Neither gun policy nor immigration, for example, are as strong of an issue for Democrats as many people might assume. “I know this country is a country of immigrants, but they should immigrate in a legal way,” Amelia Alonso Tarancon, 69, who lives outside Fort Lauderdale, Fla., told The Times.
The most nuanced issue may be the economy. On the one hand, Hispanic Americans say that the Democrats are the party of the working class and agree with many Democratic positions. And yet the issue is still a problem for the party.
My colleague Jennifer Medina, who’s based in California and covers politics, told me that she thought Democrats’ identity as the working-class party cut both ways. “I’ve spoken to several Latinos, particularly men, who have told me a version of this: ‘I grew up hearing that Democrats were the party of the poor. But I don’t want to be poor, so I became a Republican,’” Jennifer said. Many of them, she added, run small businesses.
Another problem for Democrats, according to the poll, is that many voters — across racial groups — appear to be unaware of the substance of the economic policies that Biden and Democrats have enacted on infrastructure, health care, energy and more. Many of these policies appear to be too subtle and complex for voters to understand.
(This recent story — by Jennifer, Jazmine Ulloa and Ruth Igielnik — goes into more detail on the strengths of both the Republican and Democratic Parties among Hispanic voters.)
The bottom line
For much of the past few decades, Hispanic voters supported the Democratic Party so strongly that many people came to think of them as a safe Democratic constituency, along with Black voters, Jewish voters and secular college graduates. Instead, Hispanic voters appear to fall somewhere between these reliably progressive groups and working-class whites — and have become a crucial swing group in American politics.
Puerto Rico needs help again, Lin-Manuel Miranda and his father, Luis Miranda, write in The Washington Post.
MORNING READS
SPORTS NEWS FROM THE ATHLETIC
One shy: Aaron Judge is on the brink of matching Roger Maris’ American League home run record after hitting his 60th shot of the season in the Yankees’ thrilling 9-8 win last night, which included a Giancarlo Stanton walk-off grand slam.
As the LIV turns: LIV golfers sent a letter yesterday asking for the rebel league’s tournaments to count for Official World Golf Ranking (points), another turn in a saga that has fractured golf.
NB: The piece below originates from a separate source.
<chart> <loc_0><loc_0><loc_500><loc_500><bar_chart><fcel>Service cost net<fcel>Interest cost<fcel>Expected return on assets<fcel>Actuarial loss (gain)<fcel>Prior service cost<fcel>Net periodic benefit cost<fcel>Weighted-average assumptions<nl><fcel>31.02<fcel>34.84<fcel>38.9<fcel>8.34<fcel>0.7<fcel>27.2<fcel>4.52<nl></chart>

Unless a rare exception is made, the new tour doesn’t match OWGR standards for qualification.
The N.F.L.’s next great pass rusher? Micah Parsons is drawing comparisons to Lawrence Taylor in just his second season. He has four sacks through two games and is the favorite to win Defensive Player of the Year.
ARTS AND IDEAS
Bad Bunny keeps climbing
Bad Bunny earned 10 nominations from the Latin Grammy Awards yesterday, the most of any artist. It’s no surprise: Look anywhere in entertainment and you’ll probably see him.
Hollywood? He had a role in the summer blockbuster “Bullet Train.” The charts? His new album, “Un Verano Sin Ti,” has been the No. 1 record in the U.S. for 11 weeks this year. You can even spot him on the beach with Snoop Dogg in a Corona commercial. “He keeps breaking records and climbing skyward,” Rolling Stone wrote.